If you shrivel at the sight of competition, maybe bookselling isn't for you.

A first post by a new writer here at The Bookshop Blog. Scott Davis runs an Amazon Store as well as an eBay Store. Check out his sites..


What Doesn’t Kill You Only Makes You Stronger

As an online bookseller on Amazon, I’d grown used to perusing the local thrift shops at my leisure; my area was not exactly a hotbed of booksellers. Of course, there were many Ebay sellers who sometimes grabbed obviously expensive books, but until recently, my smartphone and I had our way with the locally available “inventory.”

Until late last year …

A competitor showed up, complete with fancy phone and a scouting service. And she was buying “my” books. I was flabbergasted, and, after some thought, more than a little worried. After all, I was a small seller, comparably, and got a good portion of my inventory from the local thrift shops. To share the wealth, so to speak, would greatly reduce my wealth.
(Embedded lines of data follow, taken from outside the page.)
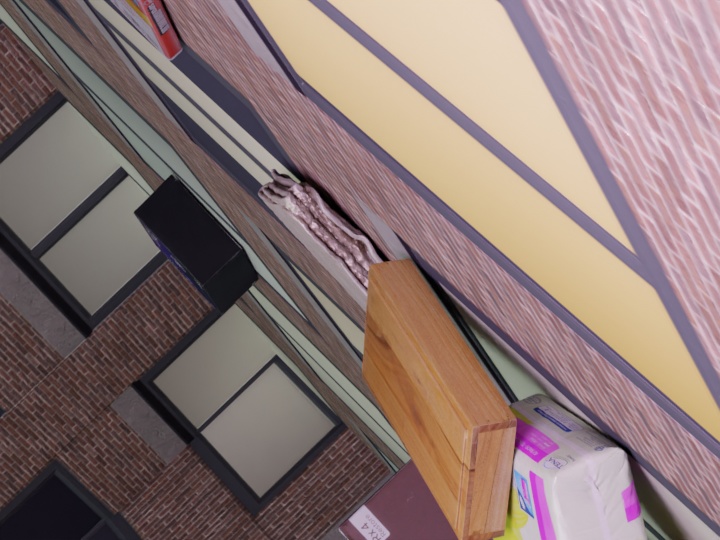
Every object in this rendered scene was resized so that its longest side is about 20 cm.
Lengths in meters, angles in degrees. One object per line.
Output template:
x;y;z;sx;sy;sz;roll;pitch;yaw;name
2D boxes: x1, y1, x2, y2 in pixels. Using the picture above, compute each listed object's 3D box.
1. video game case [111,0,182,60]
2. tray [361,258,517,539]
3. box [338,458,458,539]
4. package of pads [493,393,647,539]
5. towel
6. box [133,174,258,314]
-0.199;-0.241;1.751;0.143;0.017;0.200;46;175;12;video game case
0.051;0.088;1.618;0.200;0.037;0.099;-121;29;-52;tray
0.094;0.290;2.498;0.166;0.164;0.200;47;174;11;box
0.144;0.196;1.588;0.154;0.068;0.201;-147;41;-67;package of pads
0.000;0.000;1.849;0.200;0.034;0.133;48;176;-15;towel
-0.218;-0.032;3.107;0.141;0.079;0.200;43;174;11;box
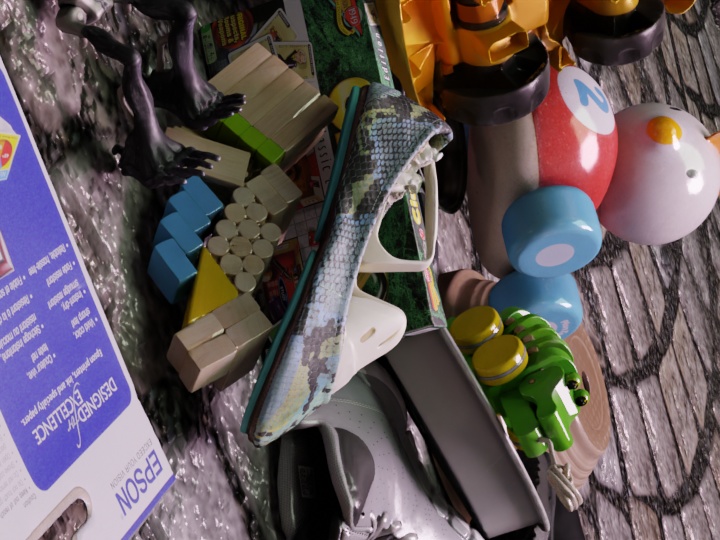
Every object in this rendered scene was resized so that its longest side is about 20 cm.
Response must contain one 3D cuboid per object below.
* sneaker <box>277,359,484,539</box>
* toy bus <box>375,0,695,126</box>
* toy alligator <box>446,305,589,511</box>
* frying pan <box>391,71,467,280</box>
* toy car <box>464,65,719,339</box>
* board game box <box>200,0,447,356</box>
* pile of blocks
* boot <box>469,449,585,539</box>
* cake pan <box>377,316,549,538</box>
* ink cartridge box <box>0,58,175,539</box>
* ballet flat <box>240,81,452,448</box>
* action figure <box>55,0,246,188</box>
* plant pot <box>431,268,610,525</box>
[{"bbox_3d":[0.007,0.153,0.916,0.201,0.075,0.115,60,28,-8],"label":"sneaker"},{"bbox_3d":[0.077,-0.199,1.006,0.192,0.198,0.137,48,-22,50],"label":"toy bus"},{"bbox_3d":[0.097,0.063,0.905,0.060,0.054,0.200,60,-2,-28],"label":"toy alligator"},{"bbox_3d":[0.044,-0.056,1.056,0.115,0.031,0.192,32,52,-63],"label":"frying pan"},{"bbox_3d":[0.172,-0.073,1.115,0.178,0.197,0.186,92,-11,-58],"label":"toy car"},{"bbox_3d":[-0.023,-0.054,0.922,0.023,0.104,0.202,12,64,-67],"label":"board game box"},{"bbox_3d":[-0.073,-0.022,0.858,0.062,0.081,0.202,118,-11,-54],"label":"pile of blocks"},{"bbox_3d":[0.147,0.223,1.056,0.157,0.079,0.212,29,39,-23],"label":"boot"},{"bbox_3d":[0.046,0.074,0.989,0.202,0.036,0.200,60,-3,5],"label":"cake pan"},{"bbox_3d":[-0.155,0.036,0.620,0.198,0.047,0.202,-51,124,-66],"label":"ink cartridge box"},{"bbox_3d":[0.000,0.000,0.839,0.074,0.074,0.202,42,61,-53],"label":"ballet flat"},{"bbox_3d":[-0.112,-0.146,0.773,0.201,0.101,0.119,65,35,-27],"label":"action figure"},{"bbox_3d":[0.118,0.090,1.187,0.201,0.092,0.203,47,34,-47],"label":"plant pot"}]
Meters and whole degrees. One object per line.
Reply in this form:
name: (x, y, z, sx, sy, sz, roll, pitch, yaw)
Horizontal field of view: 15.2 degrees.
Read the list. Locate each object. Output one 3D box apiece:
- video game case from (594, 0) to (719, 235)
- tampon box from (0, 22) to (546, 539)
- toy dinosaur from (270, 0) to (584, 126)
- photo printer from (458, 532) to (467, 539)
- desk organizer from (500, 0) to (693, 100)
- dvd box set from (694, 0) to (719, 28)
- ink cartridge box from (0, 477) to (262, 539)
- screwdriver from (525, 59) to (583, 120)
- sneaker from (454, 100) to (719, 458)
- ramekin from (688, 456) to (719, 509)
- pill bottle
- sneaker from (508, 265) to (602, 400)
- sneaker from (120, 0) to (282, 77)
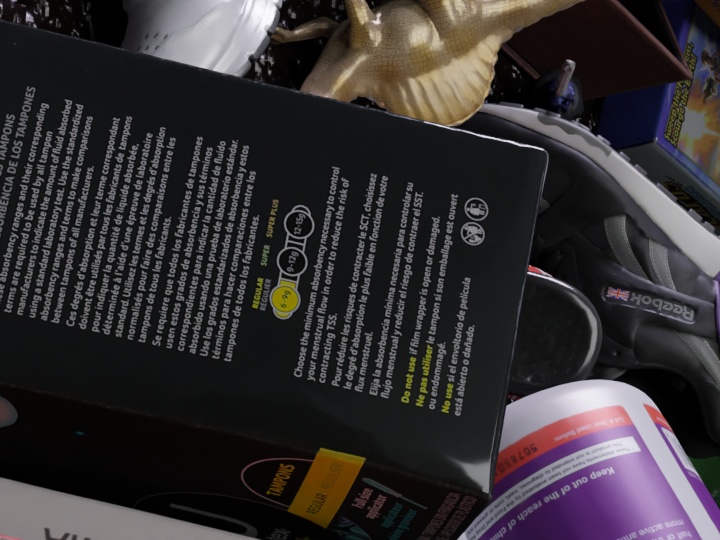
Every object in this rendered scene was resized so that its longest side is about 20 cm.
video game case: (0.206, -0.103, 1.383, 0.181, 0.045, 0.201, 37, 58, -38)
tampon box: (-0.056, 0.019, 0.942, 0.199, 0.150, 0.127, 13, 68, -6)
toy dinosaur: (0.030, -0.111, 1.163, 0.199, 0.058, 0.101, -25, 78, -15)
photo printer: (-0.032, 0.198, 1.021, 0.199, 0.069, 0.167, -19, 91, -18)
desk organizer: (0.074, -0.160, 1.231, 0.200, 0.077, 0.072, 39, 58, -36)
dvd box set: (0.187, -0.189, 1.297, 0.200, 0.029, 0.147, 38, 59, -48)
ink cartridge box: (-0.076, 0.101, 0.899, 0.199, 0.176, 0.045, 14, 68, -3)
screwdriver: (0.090, -0.076, 1.182, 0.028, 0.200, 0.029, -36, 92, 0)
sneaker: (0.105, 0.005, 1.195, 0.200, 0.076, 0.088, 34, 66, 2)
ramekin: (0.199, 0.103, 1.240, 0.200, 0.199, 0.098, -58, 131, -35)
pill bottle: (0.109, 0.149, 1.064, 0.112, 0.112, 0.200, 8, 44, -45)
sneaker: (0.000, 0.001, 1.138, 0.201, 0.108, 0.067, 24, 85, -4)
sneaker: (-0.073, -0.135, 1.092, 0.087, 0.074, 0.201, 33, 53, -25)
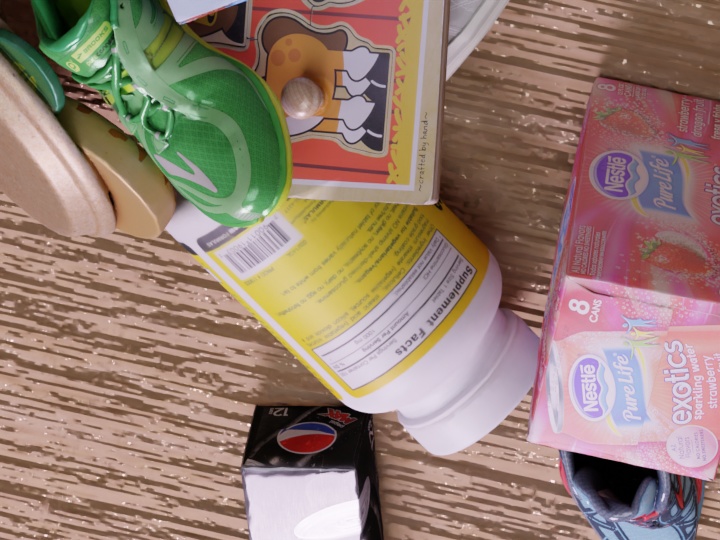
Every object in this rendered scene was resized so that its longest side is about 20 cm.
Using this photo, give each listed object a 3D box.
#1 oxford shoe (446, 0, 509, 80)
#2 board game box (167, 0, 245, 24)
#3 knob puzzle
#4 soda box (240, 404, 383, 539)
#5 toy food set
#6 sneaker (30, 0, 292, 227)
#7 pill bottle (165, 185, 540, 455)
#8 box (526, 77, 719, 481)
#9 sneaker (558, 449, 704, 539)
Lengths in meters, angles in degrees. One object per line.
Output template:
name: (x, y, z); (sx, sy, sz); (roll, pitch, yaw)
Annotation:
oxford shoe: (0.053, -0.157, 1.360); (0.058, 0.075, 0.200); (29, 115, -14)
board game box: (-0.029, -0.236, 1.243); (0.196, 0.056, 0.200); (-16, 108, 21)
knob puzzle: (-0.055, -0.127, 1.340); (0.219, 0.030, 0.220); (1, 94, 22)
soda box: (-0.022, 0.175, 1.585); (0.071, 0.063, 0.200); (0, 122, 10)
toy food set: (-0.185, -0.095, 1.393); (0.049, 0.200, 0.198); (-43, 119, -12)
sneaker: (-0.110, -0.098, 1.310); (0.074, 0.084, 0.200); (-43, 79, 32)
pill bottle: (0.000, 0.000, 1.443); (0.112, 0.112, 0.200); (-35, 110, 27)
box: (0.144, 0.000, 1.365); (0.095, 0.200, 0.103); (12, 123, 2)
sneaker: (0.134, 0.107, 1.485); (0.079, 0.096, 0.200); (-7, 133, 16)
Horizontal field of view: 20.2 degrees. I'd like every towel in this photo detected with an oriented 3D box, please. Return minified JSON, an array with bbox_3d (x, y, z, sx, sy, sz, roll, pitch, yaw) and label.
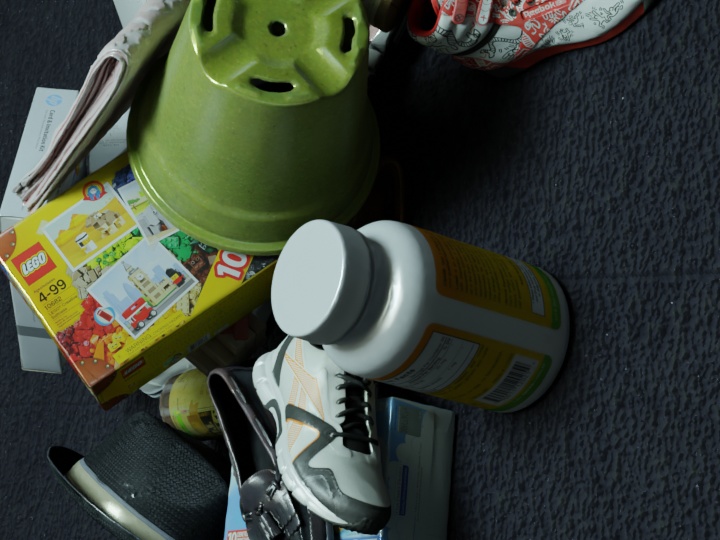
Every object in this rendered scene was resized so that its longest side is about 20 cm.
[{"bbox_3d":[-0.188,-0.156,1.596,0.191,0.032,0.200,-48,7,39],"label":"towel"}]

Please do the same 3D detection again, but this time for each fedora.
[{"bbox_3d":[-0.160,0.179,1.658,0.092,0.201,0.201,-54,37,-1],"label":"fedora"}]

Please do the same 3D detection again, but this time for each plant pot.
[{"bbox_3d":[-0.070,-0.138,1.504,0.184,0.200,0.200,111,160,-66],"label":"plant pot"}]

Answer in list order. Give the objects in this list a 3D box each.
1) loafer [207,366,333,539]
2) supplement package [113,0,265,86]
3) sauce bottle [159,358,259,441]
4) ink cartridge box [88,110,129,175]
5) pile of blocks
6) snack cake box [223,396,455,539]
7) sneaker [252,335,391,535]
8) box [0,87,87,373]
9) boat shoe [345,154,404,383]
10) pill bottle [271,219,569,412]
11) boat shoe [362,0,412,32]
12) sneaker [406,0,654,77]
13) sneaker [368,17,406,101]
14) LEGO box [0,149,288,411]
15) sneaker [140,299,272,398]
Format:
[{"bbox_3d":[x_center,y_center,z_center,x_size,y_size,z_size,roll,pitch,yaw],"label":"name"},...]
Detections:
[{"bbox_3d":[-0.074,0.156,1.520,0.072,0.063,0.200,-46,43,32],"label":"loafer"},{"bbox_3d":[-0.149,-0.254,1.750,0.121,0.120,0.200,29,140,65],"label":"supplement package"},{"bbox_3d":[-0.090,0.104,1.674,0.200,0.065,0.065,-14,66,52],"label":"sauce bottle"},{"bbox_3d":[-0.216,-0.035,1.806,0.200,0.050,0.161,-106,13,-57],"label":"ink cartridge box"},{"bbox_3d":[-0.143,-0.007,1.662,0.062,0.082,0.200,104,145,-58],"label":"pile of blocks"},{"bbox_3d":[-0.019,0.168,1.553,0.200,0.067,0.115,-15,66,49],"label":"snack cake box"},{"bbox_3d":[-0.021,0.106,1.464,0.080,0.074,0.200,-51,41,23],"label":"sneaker"},{"bbox_3d":[-0.268,-0.034,1.744,0.200,0.041,0.156,91,-175,-48],"label":"box"},{"bbox_3d":[0.000,0.000,1.589,0.068,0.072,0.200,-23,56,48],"label":"boat shoe"},{"bbox_3d":[0.040,0.028,1.416,0.111,0.200,0.111,-24,58,46],"label":"pill bottle"},{"bbox_3d":[0.025,-0.242,1.571,0.074,0.066,0.200,-63,-5,21],"label":"boat shoe"},{"bbox_3d":[0.123,-0.204,1.476,0.201,0.108,0.067,-24,59,46],"label":"sneaker"},{"bbox_3d":[-0.047,-0.162,1.664,0.200,0.115,0.076,-63,-6,-3],"label":"sneaker"},{"bbox_3d":[-0.166,-0.010,1.595,0.200,0.077,0.149,-35,74,-11],"label":"LEGO box"},{"bbox_3d":[-0.149,0.052,1.766,0.200,0.071,0.073,-42,47,36],"label":"sneaker"}]

I was not a happy scouter … until I remembered an incident when I first started selling online.

I was in a thrift store, looking at the books, saw a set of six Left Behind books, and grabbed them. A gentleman who also was looking at the books asked me if I was a reader or a dealer. Feigning innocence, I said reader, and asked him what he meant by “dealer.” He went on to explain to me about book selling, Amazon, etc., information that I already knew. I innocently asked him how much he made selling books. While I don’t remember the exact amount he told me, I remember being astounded, and, to be honest, somewhat skeptical. But, I decided at that point, that if good money was to be made selling books, I was going to get a piece of the proverbial pie. After several months of heavy book scouting at that location and others, I realized that I had never seen that gentleman again.

Did my entry into the marketplace force him out of the online book business? I don’t know. However, with the situation now somewhat reversed, I could either meekly accept the increased competition, and lower income, or I could use this perceived adversity to kick my business up a notch.

I chose the latter, and haven’t looked back.

Next time, we’ll talk about scoping out your competition.

3 thoughts on “If you shrivel at the sight of competition, maybe bookselling isn't for you.”

  1. I like having competitors. There’s four used book stores, including my own, in a two block area here. By and large our inventories don’t overlap. There’s no chains. If you want new books you either drive out to the strip area or get the best sellers at the local drugstore.

    Each time one opened, there were dire predictions that one of them would fold as each new one was added. (mine is the oldest) Nope. Sales have steadily increased. The only one that left was a place that sold nothing but mysteries and they actually just moved to an address in a different, more affluent town. (they left when there were two others in town)

    We could probably still take a few more bookstores in the area, no problem. Right up the road is a town with 220 antique stores! I kid you not. It’s a mecca for antique buffs. Stuff a few more bookstores here in town and we could do same for books. Already have a few people that come up from New York city for the day to do the tour. (that they’re all in so small an area helps enormously)

  2. My own reading, my own experience and from studying the book business for the last 20 years from every angle I have been able to stumble upon – I have learned the best booksellers are not competition – they only complement and expand the book business in the long run and provide a real service to their communities.

    The ratholes which used to call themselves bookstores are mostly gone now and we all owe a debt of gratitude to the rising costs of rents for their demise – but the stench they left in their wake still haunts some of us.

    Our real competition is anything which distracts our customers and our potential customers from attending to themselves and what is actually happening in their own personal affairs – sports, sensationalistic journalism, news dealing with so-called celebrities, nonsense spouted by politicians and the inane repetition of the “news”.

    In other words – anything that “distracts and stupifies” people is our competition.

    Everyone who is working hard at building up the book business in and for your community is your ally – but those seeking “quick bucks” by shipping your community’s books hither and yon are doing the community a disservice, whether they realize it or not.

    Anytime worthwhile knowledge leaves an area, with little likelihood of it ever returning, a community is diminished.

    Start building or supporting the best brick and mortar stores in your community now and encourage them to work even harder at being a keystone to the community and providing all the service they are capable of – you and they owe it to your community.

  3. Two good responses – but what both Nora and George missed was that Scott appears to be an ‘online-only’ bookseller. I have heard it said that B&M booksellers don’t have competitors – only colleages. Online-only sellers don’t have colleagues, only competitors.